● Available data:
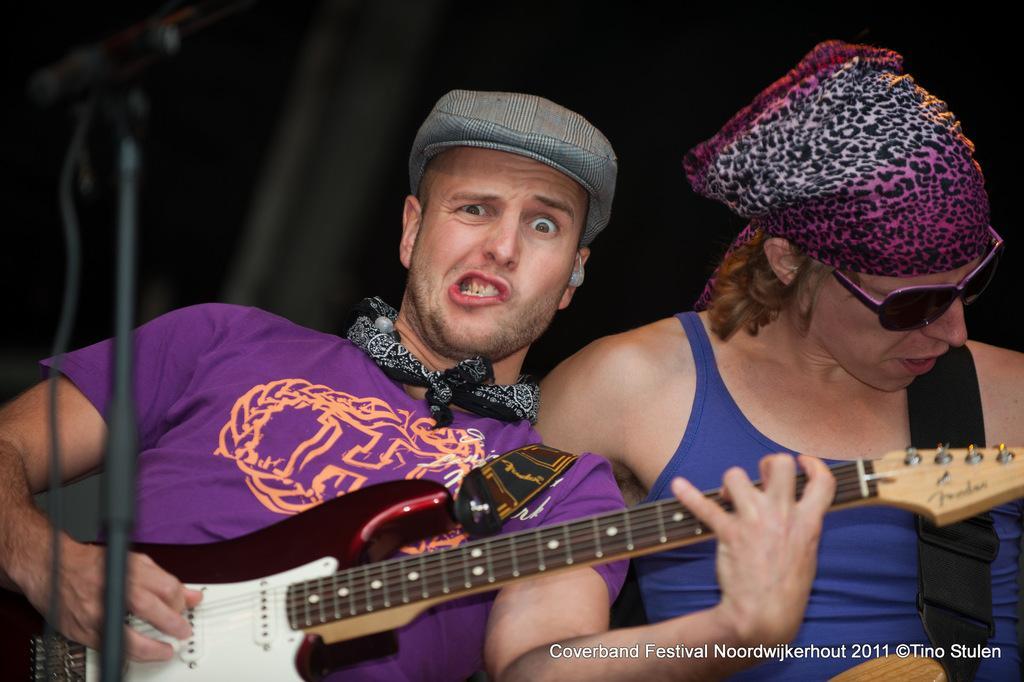How would you summarize this image in a sentence or two? there are two persons one person is playing guitar 
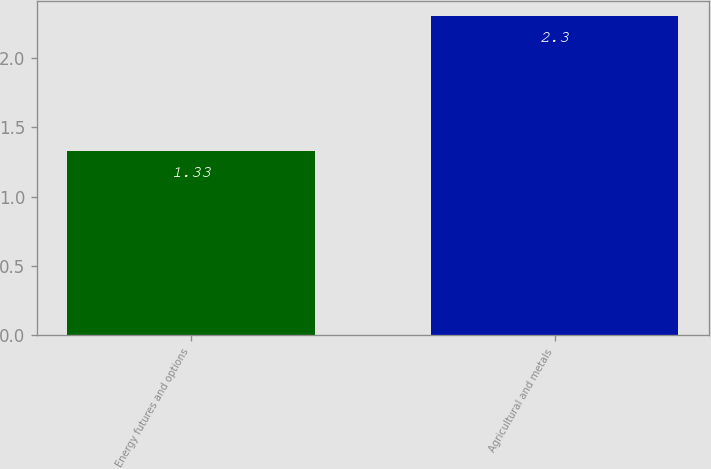<chart> <loc_0><loc_0><loc_500><loc_500><bar_chart><fcel>Energy futures and options<fcel>Agricultural and metals<nl><fcel>1.33<fcel>2.3<nl></chart> 
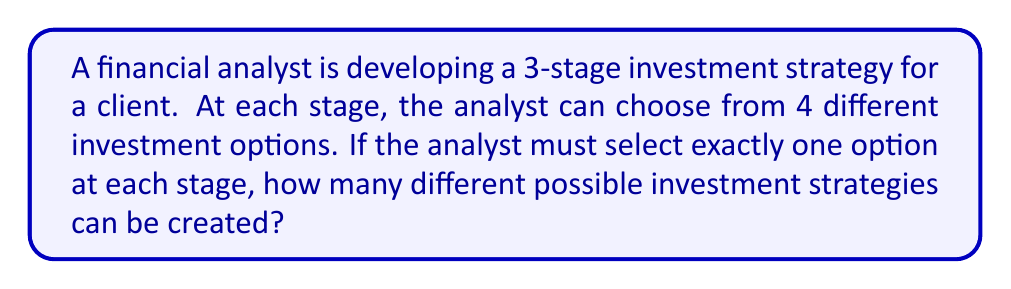Could you help me with this problem? Let's approach this step-by-step:

1) We have a multi-stage decision-making process with 3 stages.

2) At each stage, there are 4 options to choose from.

3) We need to make a choice at every stage, and the choices are independent of each other.

4) This scenario can be modeled using the multiplication principle of counting.

5) The multiplication principle states that if we have $n$ independent events, and each event $i$ has $k_i$ possible outcomes, then the total number of possible outcomes for all events is the product $k_1 \times k_2 \times ... \times k_n$.

6) In our case:
   - We have 3 independent events (the 3 stages)
   - Each event has 4 possible outcomes (the 4 investment options)

7) Therefore, the total number of possible outcomes is:

   $$ 4 \times 4 \times 4 = 4^3 = 64 $$

Thus, the financial analyst can create 64 different investment strategies.
Answer: 64 
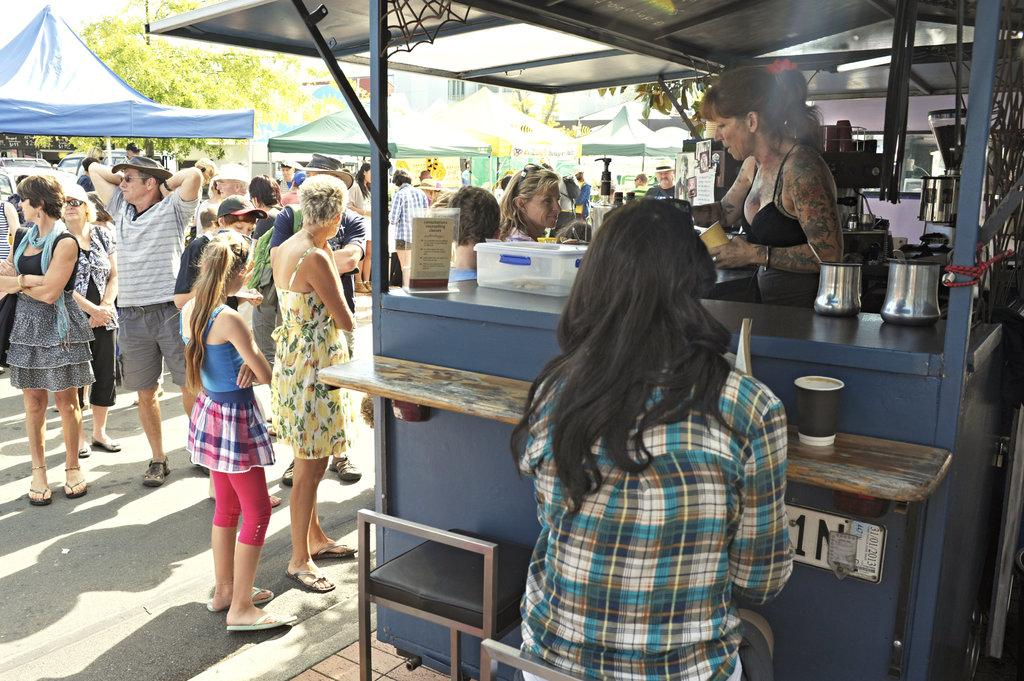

● About this task: Provide every line from the material that contains the word "investment".

● Result for this task:
   - Each event has 4 possible outcomes (the 4 investment options)
Thus, the financial analyst can create 64 different investment strategies.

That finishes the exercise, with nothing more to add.